The insert should stay in place when the head bolt is removed and once the head is removed you should see the top of the insert (opposite end of the circle) flush with the block deck surface .

http://www.timesert.com/images/index/image003.gif

ternstes
12-15-11, 07:30 AM
GM oem rear seals are green, but that doesn't mean others aren't as well. If it's a gm seal, it will have GM's part number stamped on it. Fel-pro's seal is blue I believe, though.

Mark C
12-15-11, 04:32 PM
Timeserts are not flush with the deck they are about 1/2" down in the hole. The drill that installs them is countersunk, so if the bolt hole is a larger diameter than the head bolt shaft, and you can see a small horizontal lip (maybe 1/32" wide) down in the hole its been "serted" before. The Timeserts are installed with red threadlock on the exterior threads, and the installation tool also compresses the threads a bit to get them to seal tightly to the block. They won't comeout unless the block was incorrectly machined (drilled) for them.

There is a difference in oil filter housings between a car with the external oil cooler and one without, you can not just add the oil cooler lines to an adapter that did not have them originally. GM has 2 different part numbers for the two different styles of adapters, and of course the one with the external oil cooler is no longer serviced. I beleive the only difference is the presence of a releif valve between the inlet from the oil filter, and the outlet to the block in a car with the oil cooler. The releif valve is normally closed and forces oil to go to the cooler, but if one of the lines gets plugged or kinked, it will open and send oil directly to the block. A car without the oil cooler would not need that releif valve since the oil has no where else to go except out the outlet port and into the engine.

Submariner409
12-15-11, 06:58 PM
He's not talking about an oil cooler - he's fooling with the water cooled alternator that was a Cadillac bugaboo for a year or so. Post #10 & #11.

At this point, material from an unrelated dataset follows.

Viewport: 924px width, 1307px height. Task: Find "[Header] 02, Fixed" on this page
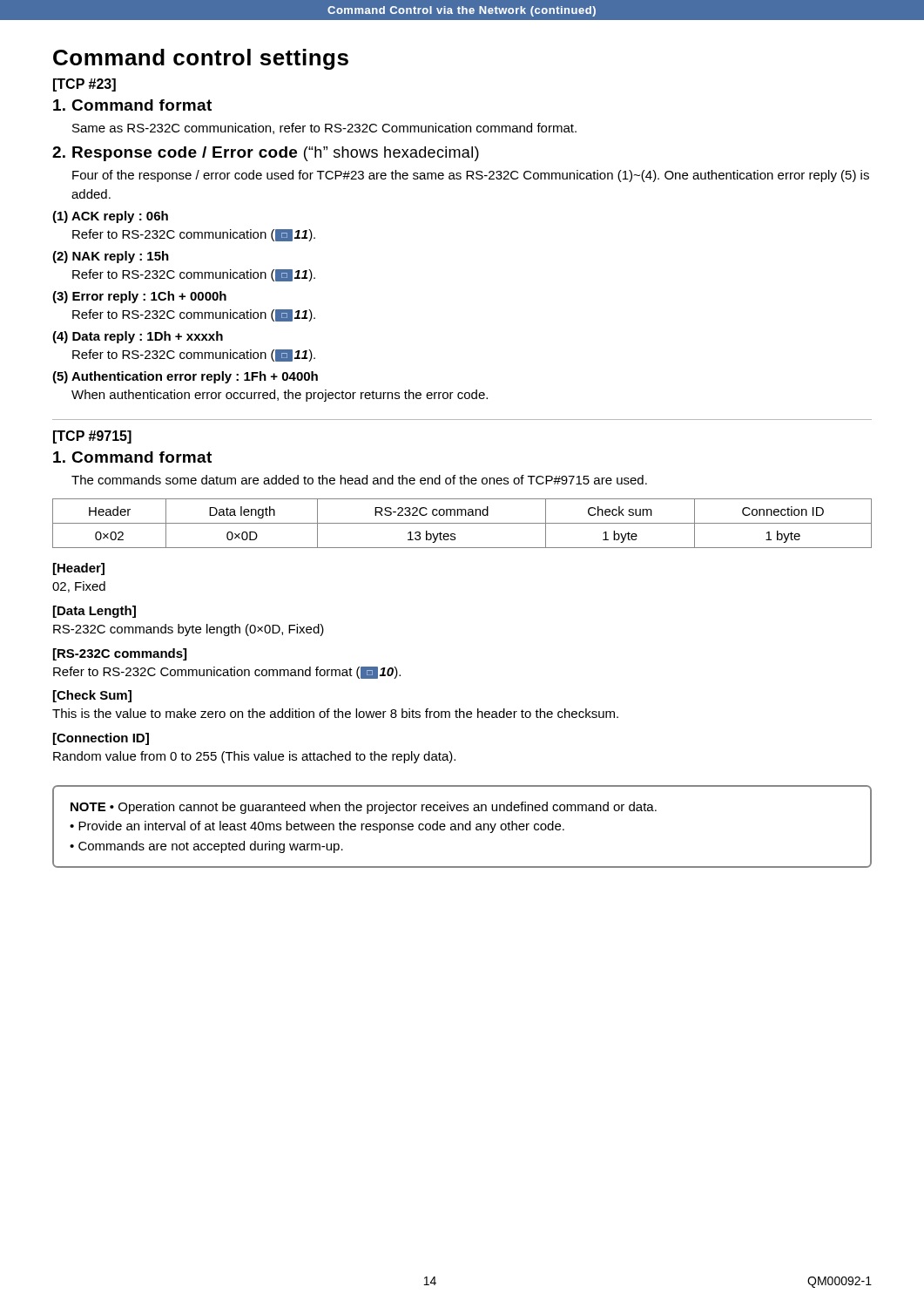pos(79,569)
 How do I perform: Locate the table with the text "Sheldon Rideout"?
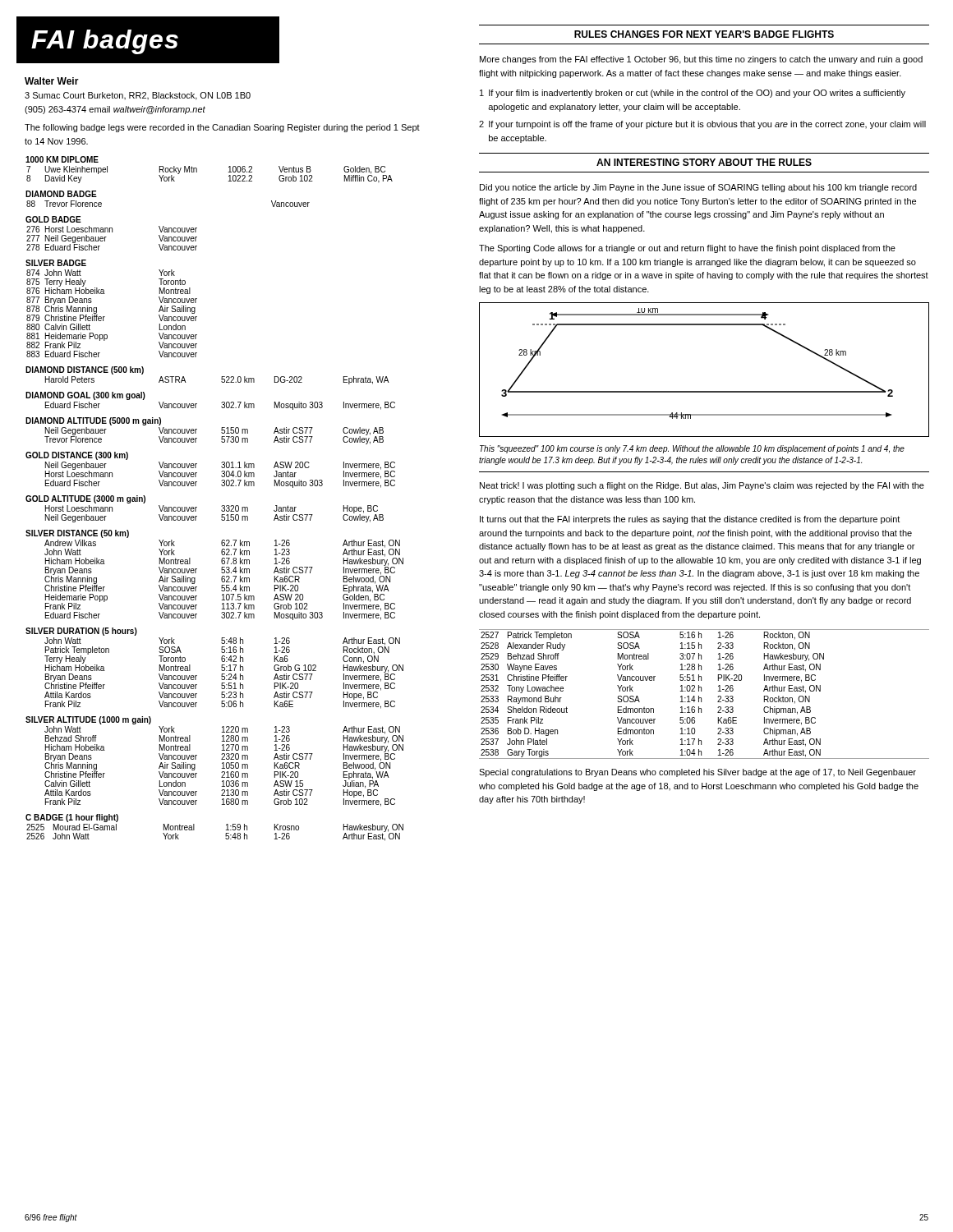coord(704,694)

The oil cooler bypass is used to allow block lubrication as the oil warms - the cold oil does not want to circulate through the radiator tank "cooler" and then go back to the filter proper ......... oil filters themselves use internal bypasses because practically NO OIL passes through the filter media until the oil gets quite warm. Internal bypasses lift at 10 - 15 psi: under high viscosity (cold oil) or high flow (upper engine rpm) conditions a significant amount of lube oil is bypassed straight to the block passages. The Northstar oil pump has an internal discharge pressure regulator/bypass which dumps excess discharge oil back to the intake side of the pump.

Are all Timeserts deeply countersunk or only the 4 that have the head locating dowels inserted on top ?

Ranger
12-15-11, 11:54 PM
Timeserts are not flush with the deck they are about 1/2" down in the hole. The drill that installs them is countersunk, so if the bolt hole is a larger diameter than the head bolt shaft, and you can see a small horizontal lip (maybe 1/32" wide) down in the hole its been "serted" before.
I stand corrected. My only point was that that once the heads are off, it should be obvious whether it has inserts or not.

Mark C
12-16-11, 03:37 PM
All of them are countersunk, but I think the 4 that have the alignment dowels already had a larger hole for the first 1/2" or so, so that the head bolt could pass thru the center of them originally. You can reuse existing (if you don't F them up getting them out), or use new dowels after timeserting a block so the new hole that you drill for timeserts is still not as large as those 2 holes per head where the dowels go.